Spatial Search: Geometry and GiST Combination Outperforms Geohash and B-tree

In this article, we explore spatial search performance and describe when to use Geohash, geometry, and geography data types along with indexes such as GiST and B-tree.

By digoal


PostgreSQL supports three spatial data types: Geohash, geometry, and geography.

1) Geohash is simple, and many databases support it. Geohash takes Earth as a standard sphere, unfolds it as a plane, and divides the plane into several small grids for encoding. Adjacent grids have the same encoding prefix.



The precision of each grid in Geohash is related to the encoding length (based on the assumption that Earth is a standard sphere), as shown below:


2) Earth is neither a standard sphere nor a standard ellipsoid. Therefore, Geohash has an apparent defect in precision, which is solved in geometry and geography.


In a geographic information system (GIS), two common types of coordinate systems are used: a global or spherical coordinate system (geographical coordinate system) and a two-dimensional coordinate system (projected coordinate system).

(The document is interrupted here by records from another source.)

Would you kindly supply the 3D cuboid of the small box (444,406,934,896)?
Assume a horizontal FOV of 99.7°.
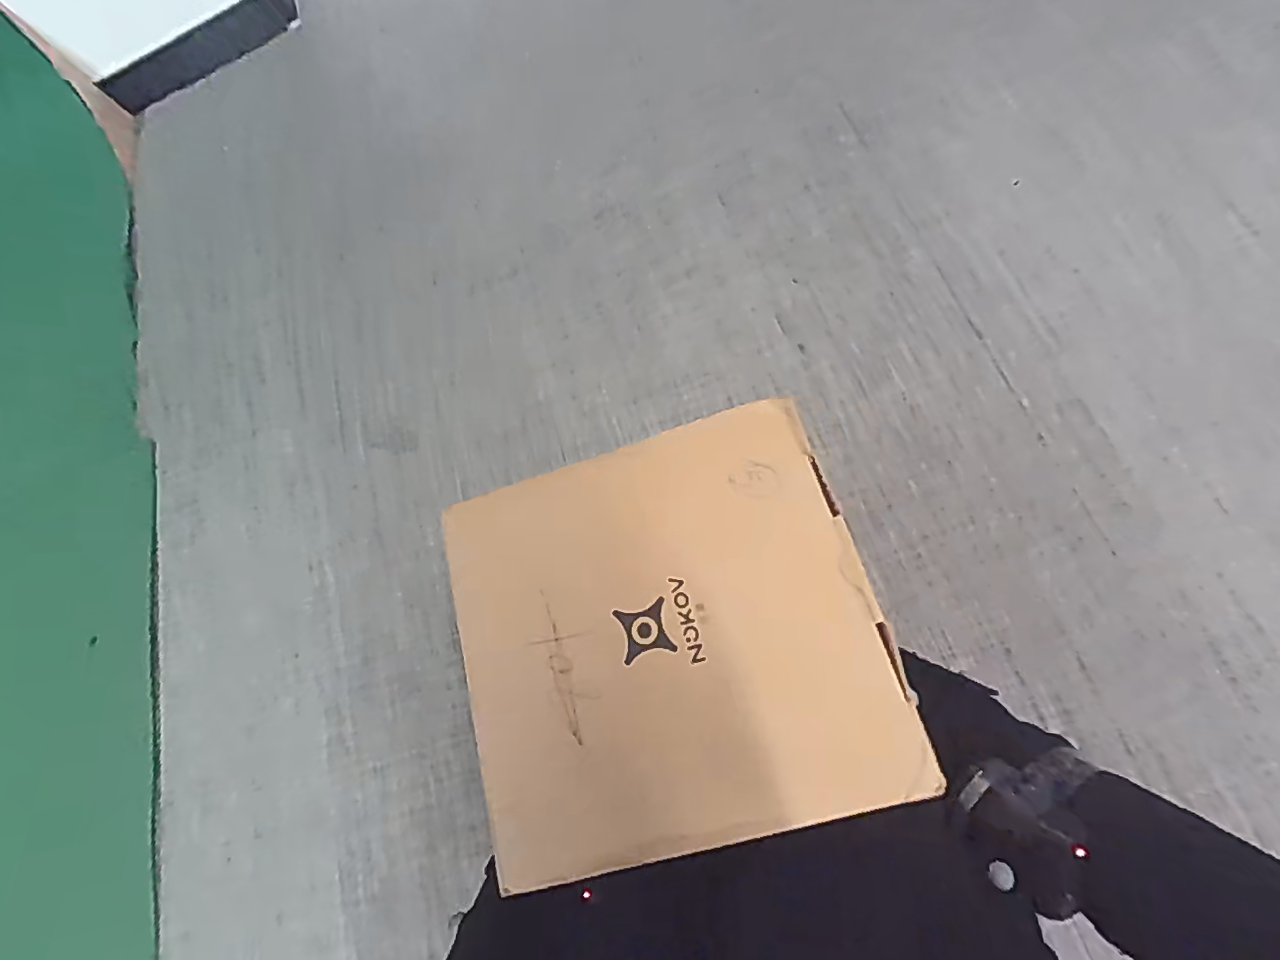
[{"bbox_3d":[0.024,0.086,0.305,0.179,0.176,0.168,-20,71,9],"label":"small box"}]
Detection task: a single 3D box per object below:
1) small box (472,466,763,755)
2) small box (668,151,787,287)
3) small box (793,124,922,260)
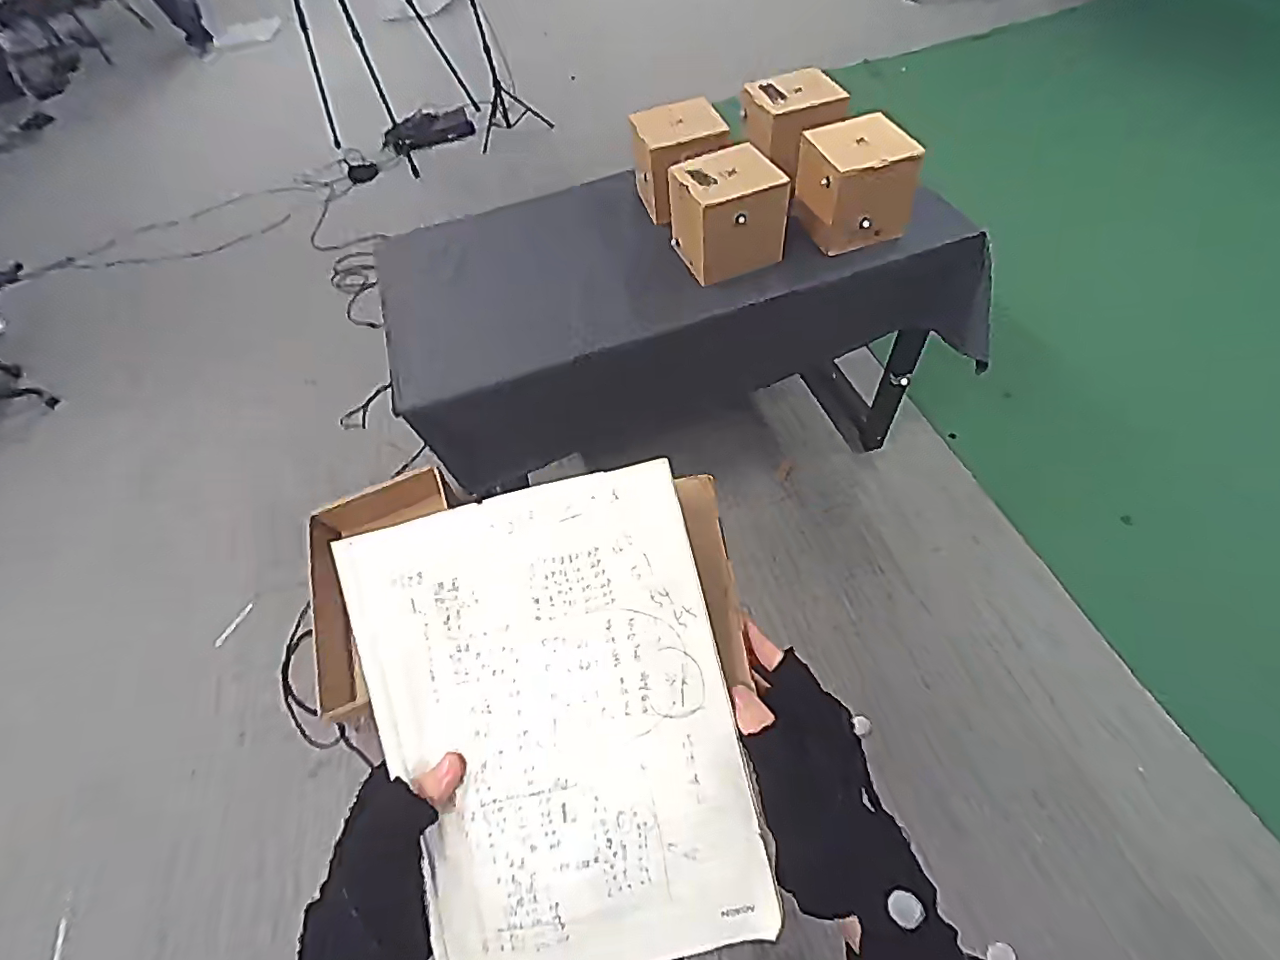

The spherical coordinate system is mainly used for calculation, while the two-dimensional coordinate system is primarily used for demonstration.

When you project a spheroid's surface maps onto a plane, you get the projected coordinates of points on the spheroid's surface. Imagine that Earth is a light orb, and you wrap it with a cylinder. After you project Earth's spherical surface maps onto a two-dimensional Cartesian coordinate plane, you get the projected coordinates of the points on Earth's surface on this plane. The larger the projected area, the lower the precision, and the smaller the range.

When calculating the distance between two points, you should consider that they're on a spheroid to get an accurate result.

When it comes to choosing the data type (geometry or geography), we recommend using geometry, which supports both the spherical and the projected coordinate systems. You should select the most suitable coordinate system considering the geographical locations.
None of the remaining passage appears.